Defining strong emotions

Strong emotions are emotions you feel are too big for you to cope with – either in the moment or longer term. Sometimes it’s those ‘seeing red’ moments or when you feel that strong urge or fight or fight. We are often so consumed with labelling emotions as good or bad or positive or negative we forget that emotions are literal guide posts. They are there as signals to help us understand a scenario, our conditioning or our understanding of ourselves. 

How can we navigate these types of emotions?

To understand more about emotional awareness and lieracy I’d invite to you to read the blog on ‘Why is Emotional Resilience and Awareness so Vital to a Healthy Mindset’ to give you a good basis for this deeper conversation.

When we have strong emotions we are often in a state of fight or flight. We look for the path of least resistance in terms of how to manage the situation with the least collateral damage. This usually means falling to our default autopilot behaviours. These behaviour patterns generally are created in our early years and at one point did serve and support us, both often no longer do. So we end up reacting (knee-jerk) to the strong emotions rather than responding (consciously thought out).

Creating some space between the trigger and the behaviour is about taking the time and the decision to become more consciously aware of your behaviour patterns.
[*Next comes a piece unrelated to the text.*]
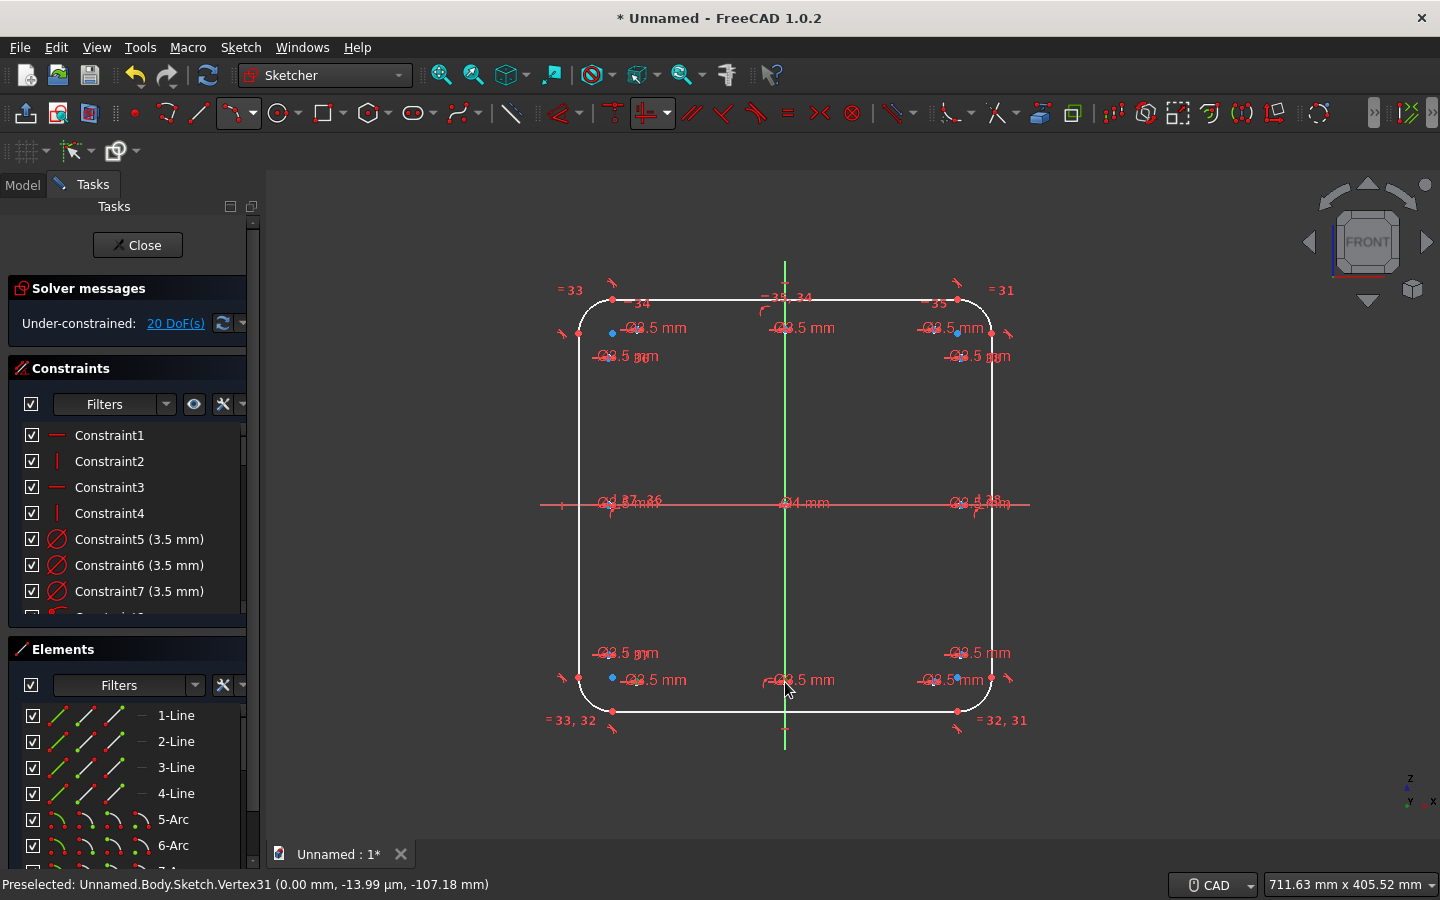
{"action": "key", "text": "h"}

This can be difficult and uncomfortable as often we don’t want to acknowledge these patterns a lot of the time. This is where people often look for support, to understand the patterns and triggers and know how to change them in a healthy way.

However, in the moment if you find yourself feeling overwhelmed and your ability to focus and understand the exchange or situation is getting difficult (I.e you fall back on your autopilot, you feel like you’re about to ‘blow up’ or lash out) that’s when taking a physical break or pause can be very valuable.

Have a phrase that you can say in these situations that conveys that you stepping back for 3 minutes or so is needed for you to appreciate and understand everything in a calm and respectful way to yourself and whoever else might be involved.

Or if the situation doesn’t involve another person have the courage to step back and find that place of observation and not judgement. 

This isn’t a case or repression, far from it. It is about recognising your patterns and pausing for enough time to be able to choose a different behaviour, a different way of responding. 

What if I step back and then don't do the work to understand the pattern?

There is an amount of discipline involved for sure to come back to things and explore them.

This is often why people opt for support for these parts.

Even just pausing and checking in with yourself, what you’re feeling, where you’re feeling it and if you need to take some space from the situation will be invaluable to beginning understanding and regulating your emotions. 

The goal here is emotional regulation not emotional repression. If you keep that in mind you’ll be reminded of the importance of coming back to these parts of yourself and the benefits to you in exploring them.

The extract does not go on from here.